Unity Marketing estimates that $1 out every $10 spent in the typical retail store, (general merchandise, apparel, furnishings and others) is spent to buy a gift. Gifts represent approximately $128 billion in spending in 2017. Consumers are typically buying a gift every one to two months.
So what’s behind the science of giving? The act of gifting is typically meant to communicate feelings for and with another, fostering stronger social relationships. New research by the Wharton School looked at what type of gifts build deeper personal relationships, a material gift or an experiential gift.
Experiential gifts win over material gifts
Despite gift givers’ tendencies to give material possessions, material gifts do less to foster meaningful relationships between gift givers and gift recipients. The researchers report, “Experiential gifts, in contrast, make recipients feel closer to the person who gave them the gift, regardless of whether the experience is consumed together with the gift giver. Experiential gifts have this effect because of the emotion they evoke when consumed, particularly when the emotion is shared.”
“Our findings demonstrate that giving experiential gifts is more effective at fostering closer relationships, and therefore implies that gift givers should feel happier as a result of giving an experiential gift compared to a material gift,”
What are experiential gifts?
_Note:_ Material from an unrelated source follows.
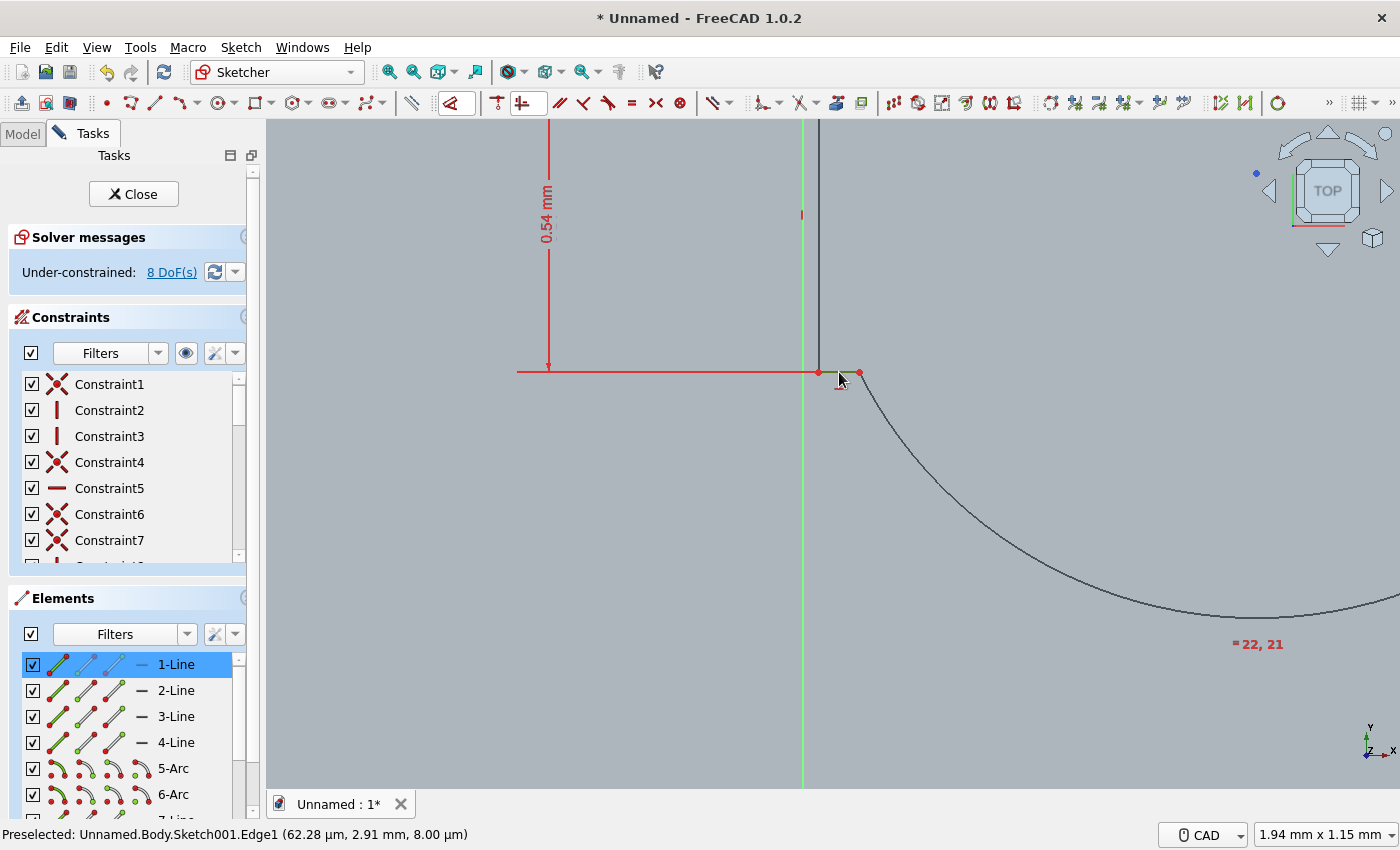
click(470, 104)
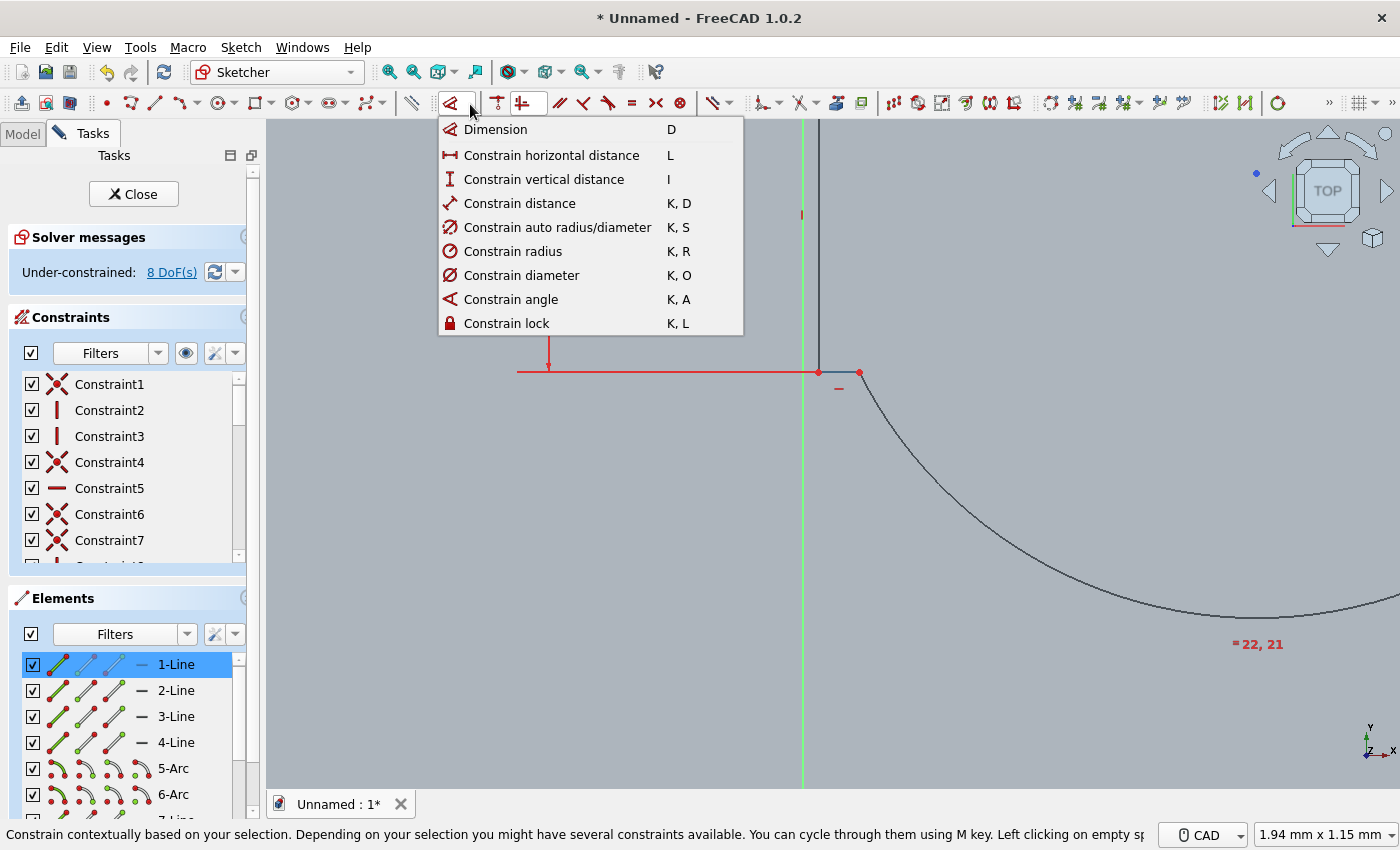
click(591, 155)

An experience could be providing services like a meal, spa outing, horseback riding, or vacation. But don’t dismay – material gifts can offer experiential aspects – candles, music, books, toys, food and drink items and even things that are nice to the touch – a furry throw, a cashmere pillow or silk pajamas.
Even the actual event of purchasing the gift can be experiential in a story setting or online by telling a story, allowing for touch and feel, and conjuring up warm feelings.